=== Material supplied ===

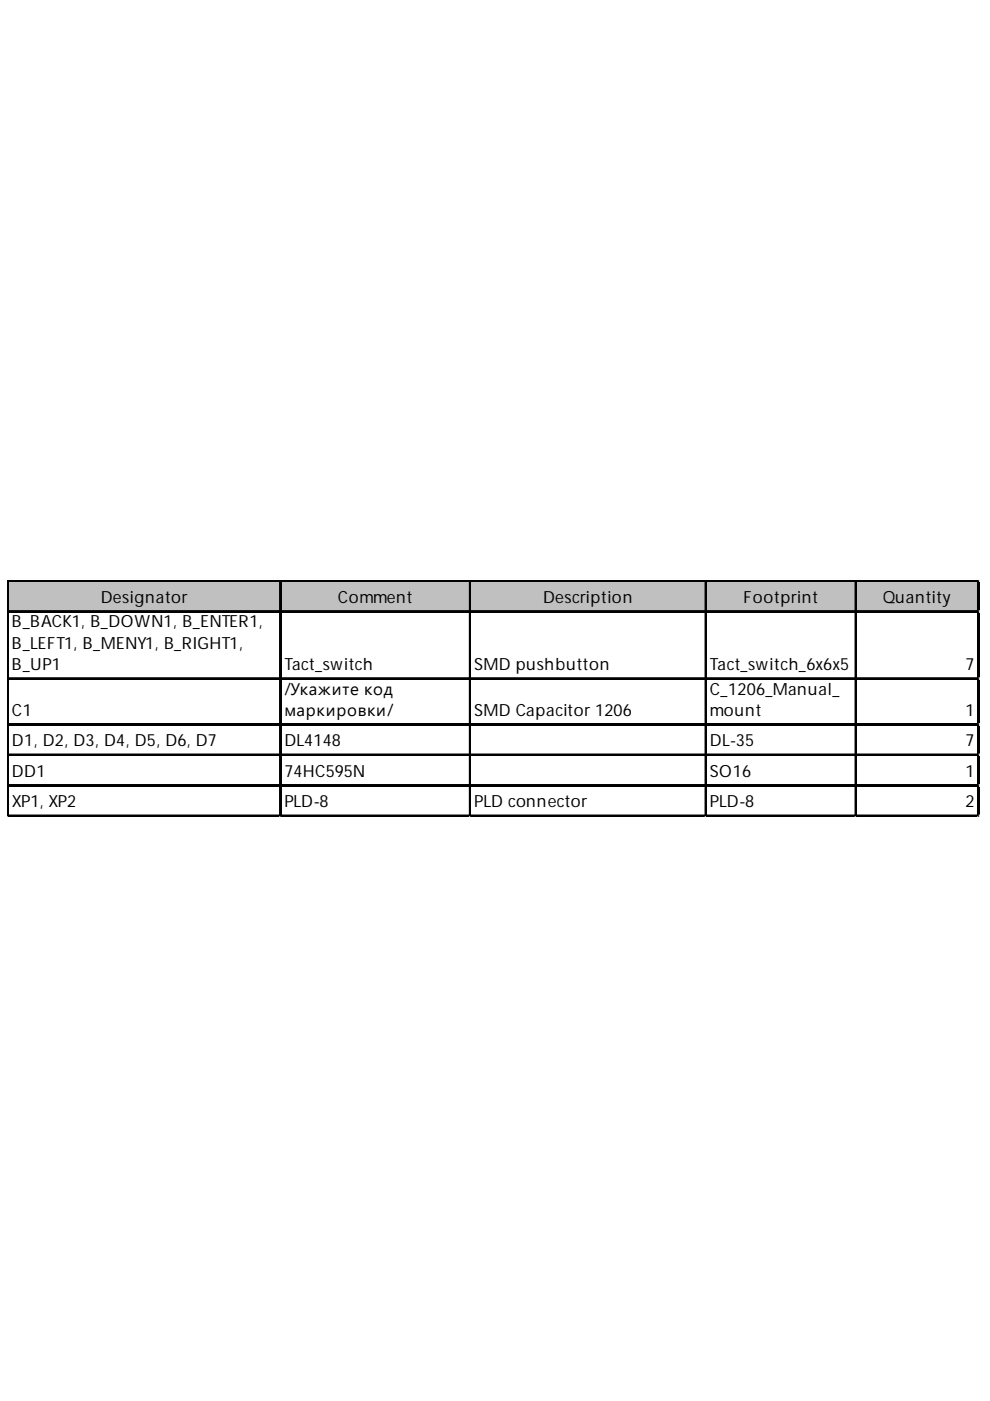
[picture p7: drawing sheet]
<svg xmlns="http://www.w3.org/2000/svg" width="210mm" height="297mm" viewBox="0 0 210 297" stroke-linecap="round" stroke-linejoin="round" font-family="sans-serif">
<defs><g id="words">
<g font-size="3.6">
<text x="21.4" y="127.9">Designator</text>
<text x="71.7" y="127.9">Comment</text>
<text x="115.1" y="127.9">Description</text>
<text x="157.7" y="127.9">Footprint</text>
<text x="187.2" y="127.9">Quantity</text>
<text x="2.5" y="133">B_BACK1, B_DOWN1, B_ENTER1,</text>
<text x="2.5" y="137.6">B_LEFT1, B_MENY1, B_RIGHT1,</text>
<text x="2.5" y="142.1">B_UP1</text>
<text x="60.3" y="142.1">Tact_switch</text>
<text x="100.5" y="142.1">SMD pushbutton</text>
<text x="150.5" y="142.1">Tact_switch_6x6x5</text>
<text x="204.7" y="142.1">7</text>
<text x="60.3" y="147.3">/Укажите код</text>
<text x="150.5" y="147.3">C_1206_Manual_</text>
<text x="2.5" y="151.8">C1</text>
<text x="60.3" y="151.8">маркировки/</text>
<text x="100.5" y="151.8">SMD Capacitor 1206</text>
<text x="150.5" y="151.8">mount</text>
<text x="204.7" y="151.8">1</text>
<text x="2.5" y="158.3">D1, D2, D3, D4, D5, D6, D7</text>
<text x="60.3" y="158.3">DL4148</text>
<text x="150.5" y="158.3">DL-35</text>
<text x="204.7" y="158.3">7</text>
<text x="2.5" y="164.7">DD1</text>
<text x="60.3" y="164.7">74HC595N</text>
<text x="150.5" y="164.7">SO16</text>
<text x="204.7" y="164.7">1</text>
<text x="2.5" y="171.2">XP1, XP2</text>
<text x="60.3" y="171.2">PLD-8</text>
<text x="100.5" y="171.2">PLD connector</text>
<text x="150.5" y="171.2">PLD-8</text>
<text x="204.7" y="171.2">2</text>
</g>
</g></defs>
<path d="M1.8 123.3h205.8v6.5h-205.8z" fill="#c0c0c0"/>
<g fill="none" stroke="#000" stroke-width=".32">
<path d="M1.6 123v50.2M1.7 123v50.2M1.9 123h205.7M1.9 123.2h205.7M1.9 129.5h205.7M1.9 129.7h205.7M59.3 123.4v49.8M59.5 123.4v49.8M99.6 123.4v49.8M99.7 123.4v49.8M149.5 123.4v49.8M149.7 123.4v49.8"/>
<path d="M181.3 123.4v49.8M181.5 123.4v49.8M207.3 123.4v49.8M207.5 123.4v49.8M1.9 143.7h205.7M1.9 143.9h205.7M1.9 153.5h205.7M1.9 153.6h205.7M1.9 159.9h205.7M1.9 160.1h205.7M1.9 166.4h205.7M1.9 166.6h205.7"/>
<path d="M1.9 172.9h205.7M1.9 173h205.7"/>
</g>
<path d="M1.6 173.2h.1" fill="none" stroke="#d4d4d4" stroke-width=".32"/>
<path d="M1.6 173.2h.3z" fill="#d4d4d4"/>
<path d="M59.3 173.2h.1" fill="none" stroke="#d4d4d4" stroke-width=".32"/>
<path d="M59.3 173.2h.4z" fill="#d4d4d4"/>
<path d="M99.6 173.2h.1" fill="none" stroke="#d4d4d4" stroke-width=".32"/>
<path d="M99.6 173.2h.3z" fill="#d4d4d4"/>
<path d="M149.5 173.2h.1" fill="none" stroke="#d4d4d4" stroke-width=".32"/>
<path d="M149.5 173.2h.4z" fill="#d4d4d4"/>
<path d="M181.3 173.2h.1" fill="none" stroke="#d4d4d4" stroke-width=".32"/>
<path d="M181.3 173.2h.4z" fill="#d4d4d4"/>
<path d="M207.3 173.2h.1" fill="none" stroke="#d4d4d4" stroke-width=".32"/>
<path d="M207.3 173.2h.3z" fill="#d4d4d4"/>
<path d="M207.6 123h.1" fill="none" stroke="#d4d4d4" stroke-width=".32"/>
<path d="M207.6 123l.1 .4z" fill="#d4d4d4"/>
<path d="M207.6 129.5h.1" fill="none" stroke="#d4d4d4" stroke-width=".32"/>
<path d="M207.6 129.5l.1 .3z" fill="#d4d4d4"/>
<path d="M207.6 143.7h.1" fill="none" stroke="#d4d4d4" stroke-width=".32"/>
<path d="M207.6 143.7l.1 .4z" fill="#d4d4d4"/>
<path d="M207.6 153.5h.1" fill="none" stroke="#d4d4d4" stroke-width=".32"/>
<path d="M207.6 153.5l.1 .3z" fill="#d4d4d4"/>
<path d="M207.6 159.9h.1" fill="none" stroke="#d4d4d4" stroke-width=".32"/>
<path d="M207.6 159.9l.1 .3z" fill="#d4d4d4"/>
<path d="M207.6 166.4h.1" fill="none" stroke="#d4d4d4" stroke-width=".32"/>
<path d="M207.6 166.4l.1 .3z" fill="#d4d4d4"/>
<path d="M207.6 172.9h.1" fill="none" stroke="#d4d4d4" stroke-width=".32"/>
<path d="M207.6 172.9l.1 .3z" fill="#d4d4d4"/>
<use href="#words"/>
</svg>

=== Work request ===
Wherever the string "font" occurs in the data, copy the line that holds it.

=== Result for this task ===
<svg xmlns="http://www.w3.org/2000/svg" width="210mm" height="297mm" viewBox="0 0 210 297" stroke-linecap="round" stroke-linejoin="round" font-family="sans-serif">
<g font-size="3.6">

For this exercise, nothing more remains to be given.